Size-dependent mechanical properties of glassy polymer nanofibers via molecular dynamics simulations

The microstructure of polymer matrix under cylindrical confinement is key to understanding the size-dependent thermomechanical behavior of electrospun nanofibers. Coarse-grained molecular dynamics simulation was applied here to probe polymer systems under cylindrical confinement, prepared with or without pre-stretching. Simulation results showed that below a certain radius, a noticeable increase of the elastic modulus is observed with the decrease of the radius of cylindrical confinement. This size-dependent mechanical behavior correlated to the degree of polymer chain orientation. Modulation of density and bond orientation in the radial direction was observed: the density and bond orientation began to oscillate, increasing the oscillation amplitudes with decreases in the radius.
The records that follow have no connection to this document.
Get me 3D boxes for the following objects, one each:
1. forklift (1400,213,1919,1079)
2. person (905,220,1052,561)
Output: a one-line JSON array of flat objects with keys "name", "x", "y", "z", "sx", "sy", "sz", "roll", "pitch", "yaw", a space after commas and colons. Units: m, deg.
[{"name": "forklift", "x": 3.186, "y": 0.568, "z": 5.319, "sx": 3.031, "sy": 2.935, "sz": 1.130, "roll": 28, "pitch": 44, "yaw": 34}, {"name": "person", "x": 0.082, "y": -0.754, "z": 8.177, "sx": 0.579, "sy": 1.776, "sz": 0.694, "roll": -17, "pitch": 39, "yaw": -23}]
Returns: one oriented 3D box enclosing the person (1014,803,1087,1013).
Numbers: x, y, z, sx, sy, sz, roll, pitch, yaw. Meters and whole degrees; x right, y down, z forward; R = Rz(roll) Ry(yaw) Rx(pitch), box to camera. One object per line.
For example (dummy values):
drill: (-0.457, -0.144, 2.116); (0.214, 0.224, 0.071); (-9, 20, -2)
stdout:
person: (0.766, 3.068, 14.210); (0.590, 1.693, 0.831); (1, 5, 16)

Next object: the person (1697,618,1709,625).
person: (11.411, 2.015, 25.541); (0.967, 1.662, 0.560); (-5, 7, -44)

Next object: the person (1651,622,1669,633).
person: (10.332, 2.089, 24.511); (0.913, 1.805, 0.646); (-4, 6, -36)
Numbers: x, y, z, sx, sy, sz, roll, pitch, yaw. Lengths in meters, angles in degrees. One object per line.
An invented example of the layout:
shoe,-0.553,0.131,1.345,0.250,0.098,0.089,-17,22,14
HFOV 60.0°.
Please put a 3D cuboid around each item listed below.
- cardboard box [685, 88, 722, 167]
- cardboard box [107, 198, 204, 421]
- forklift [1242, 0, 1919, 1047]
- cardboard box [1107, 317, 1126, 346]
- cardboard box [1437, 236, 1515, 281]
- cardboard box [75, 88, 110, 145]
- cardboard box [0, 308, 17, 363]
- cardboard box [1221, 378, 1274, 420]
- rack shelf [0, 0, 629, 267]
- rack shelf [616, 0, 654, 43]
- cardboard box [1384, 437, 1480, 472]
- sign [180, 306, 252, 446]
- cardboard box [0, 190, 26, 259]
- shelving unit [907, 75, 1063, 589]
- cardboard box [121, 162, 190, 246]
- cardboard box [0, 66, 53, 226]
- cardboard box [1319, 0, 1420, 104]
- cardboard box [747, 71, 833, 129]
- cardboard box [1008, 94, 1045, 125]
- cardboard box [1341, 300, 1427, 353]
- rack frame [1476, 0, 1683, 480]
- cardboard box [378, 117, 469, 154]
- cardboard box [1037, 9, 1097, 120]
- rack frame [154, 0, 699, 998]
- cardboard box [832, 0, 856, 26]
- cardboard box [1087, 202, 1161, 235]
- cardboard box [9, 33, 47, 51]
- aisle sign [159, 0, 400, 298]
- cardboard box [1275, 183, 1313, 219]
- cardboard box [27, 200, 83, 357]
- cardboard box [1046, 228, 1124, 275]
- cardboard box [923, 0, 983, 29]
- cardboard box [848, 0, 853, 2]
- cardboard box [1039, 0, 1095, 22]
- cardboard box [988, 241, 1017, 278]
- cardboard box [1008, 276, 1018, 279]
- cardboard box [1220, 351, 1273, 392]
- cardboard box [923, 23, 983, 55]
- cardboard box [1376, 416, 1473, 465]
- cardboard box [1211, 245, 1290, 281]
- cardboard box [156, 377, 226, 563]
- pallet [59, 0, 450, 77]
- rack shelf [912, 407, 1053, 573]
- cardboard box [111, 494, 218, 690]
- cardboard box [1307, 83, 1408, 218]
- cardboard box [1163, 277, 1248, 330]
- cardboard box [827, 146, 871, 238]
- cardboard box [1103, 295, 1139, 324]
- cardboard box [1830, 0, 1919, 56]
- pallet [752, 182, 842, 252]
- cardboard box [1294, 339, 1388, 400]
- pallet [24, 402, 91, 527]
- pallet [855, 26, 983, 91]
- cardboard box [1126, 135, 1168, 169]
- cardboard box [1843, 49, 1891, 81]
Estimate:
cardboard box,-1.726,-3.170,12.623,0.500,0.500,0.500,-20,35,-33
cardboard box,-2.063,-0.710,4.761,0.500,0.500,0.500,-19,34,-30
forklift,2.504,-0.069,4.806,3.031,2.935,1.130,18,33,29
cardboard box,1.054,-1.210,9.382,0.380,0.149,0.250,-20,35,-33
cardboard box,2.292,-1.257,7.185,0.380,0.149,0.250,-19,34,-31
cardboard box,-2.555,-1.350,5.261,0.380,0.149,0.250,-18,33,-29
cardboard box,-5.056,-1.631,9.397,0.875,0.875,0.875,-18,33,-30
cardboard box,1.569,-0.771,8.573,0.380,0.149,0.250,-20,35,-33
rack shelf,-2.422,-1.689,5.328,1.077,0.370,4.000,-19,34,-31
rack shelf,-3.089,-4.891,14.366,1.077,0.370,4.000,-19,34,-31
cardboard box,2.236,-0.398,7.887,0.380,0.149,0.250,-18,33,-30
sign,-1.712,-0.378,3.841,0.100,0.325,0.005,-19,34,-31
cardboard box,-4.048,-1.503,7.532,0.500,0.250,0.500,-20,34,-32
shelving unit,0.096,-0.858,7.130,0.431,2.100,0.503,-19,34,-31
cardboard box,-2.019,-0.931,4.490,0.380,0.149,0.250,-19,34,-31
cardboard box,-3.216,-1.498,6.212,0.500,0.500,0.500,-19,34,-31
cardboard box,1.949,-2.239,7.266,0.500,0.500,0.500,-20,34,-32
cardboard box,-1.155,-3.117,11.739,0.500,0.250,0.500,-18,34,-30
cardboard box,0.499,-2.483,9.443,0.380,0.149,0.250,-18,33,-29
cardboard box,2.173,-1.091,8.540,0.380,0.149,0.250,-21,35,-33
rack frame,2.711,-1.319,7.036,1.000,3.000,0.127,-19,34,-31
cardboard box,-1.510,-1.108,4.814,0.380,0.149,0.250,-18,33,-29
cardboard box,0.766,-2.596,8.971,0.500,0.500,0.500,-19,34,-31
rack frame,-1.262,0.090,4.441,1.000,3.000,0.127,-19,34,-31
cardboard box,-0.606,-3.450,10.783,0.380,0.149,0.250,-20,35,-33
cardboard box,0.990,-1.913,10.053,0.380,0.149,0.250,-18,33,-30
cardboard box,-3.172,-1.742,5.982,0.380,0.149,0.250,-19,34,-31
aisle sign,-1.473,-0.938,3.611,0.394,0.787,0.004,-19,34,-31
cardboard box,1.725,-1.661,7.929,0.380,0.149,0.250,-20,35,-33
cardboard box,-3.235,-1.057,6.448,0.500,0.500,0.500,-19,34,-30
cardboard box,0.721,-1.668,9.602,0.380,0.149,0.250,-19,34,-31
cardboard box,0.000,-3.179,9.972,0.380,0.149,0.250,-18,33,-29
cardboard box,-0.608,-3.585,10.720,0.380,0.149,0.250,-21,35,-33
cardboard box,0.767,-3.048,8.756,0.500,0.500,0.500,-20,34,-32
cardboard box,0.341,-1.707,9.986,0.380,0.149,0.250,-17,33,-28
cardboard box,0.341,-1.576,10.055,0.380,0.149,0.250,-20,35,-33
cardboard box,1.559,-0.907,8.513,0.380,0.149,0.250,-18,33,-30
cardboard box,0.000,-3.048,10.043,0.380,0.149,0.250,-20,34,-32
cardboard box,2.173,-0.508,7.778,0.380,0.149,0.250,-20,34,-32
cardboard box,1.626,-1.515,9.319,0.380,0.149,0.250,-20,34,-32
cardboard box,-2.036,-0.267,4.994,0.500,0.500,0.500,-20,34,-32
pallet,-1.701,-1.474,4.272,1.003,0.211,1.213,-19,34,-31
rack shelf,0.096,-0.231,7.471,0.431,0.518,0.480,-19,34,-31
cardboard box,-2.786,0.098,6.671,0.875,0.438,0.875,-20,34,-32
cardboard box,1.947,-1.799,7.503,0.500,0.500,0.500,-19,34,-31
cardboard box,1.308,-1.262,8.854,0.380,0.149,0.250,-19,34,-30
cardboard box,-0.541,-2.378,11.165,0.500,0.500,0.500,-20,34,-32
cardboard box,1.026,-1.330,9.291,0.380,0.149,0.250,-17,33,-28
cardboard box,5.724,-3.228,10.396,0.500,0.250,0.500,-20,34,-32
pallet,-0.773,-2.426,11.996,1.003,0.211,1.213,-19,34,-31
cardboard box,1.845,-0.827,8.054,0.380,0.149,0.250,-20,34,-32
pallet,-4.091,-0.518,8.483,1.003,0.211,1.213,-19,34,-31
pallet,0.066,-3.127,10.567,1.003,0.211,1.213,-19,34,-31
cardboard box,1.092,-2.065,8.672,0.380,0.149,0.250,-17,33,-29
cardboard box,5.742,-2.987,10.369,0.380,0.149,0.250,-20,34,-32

Such behavior suggests that the cylindrical confinement enhances the bond alignment of the entire fiber and not in the near-surface layers only. The unstretched fibers had uniform density distribution along the fiber axis, while the stretched fibers demonstrated a fluctuation in density distribution. The crossover radius of size-dependent behavior was two orders of magnitude smaller than observed in real experiments, demonstrating that the confinement affects some internal fiber scale, which exceeds the scale of individual macromolecules, and this internal scale may be related to supramolecular structures of the polymer matrix rather than the individual macromolecules.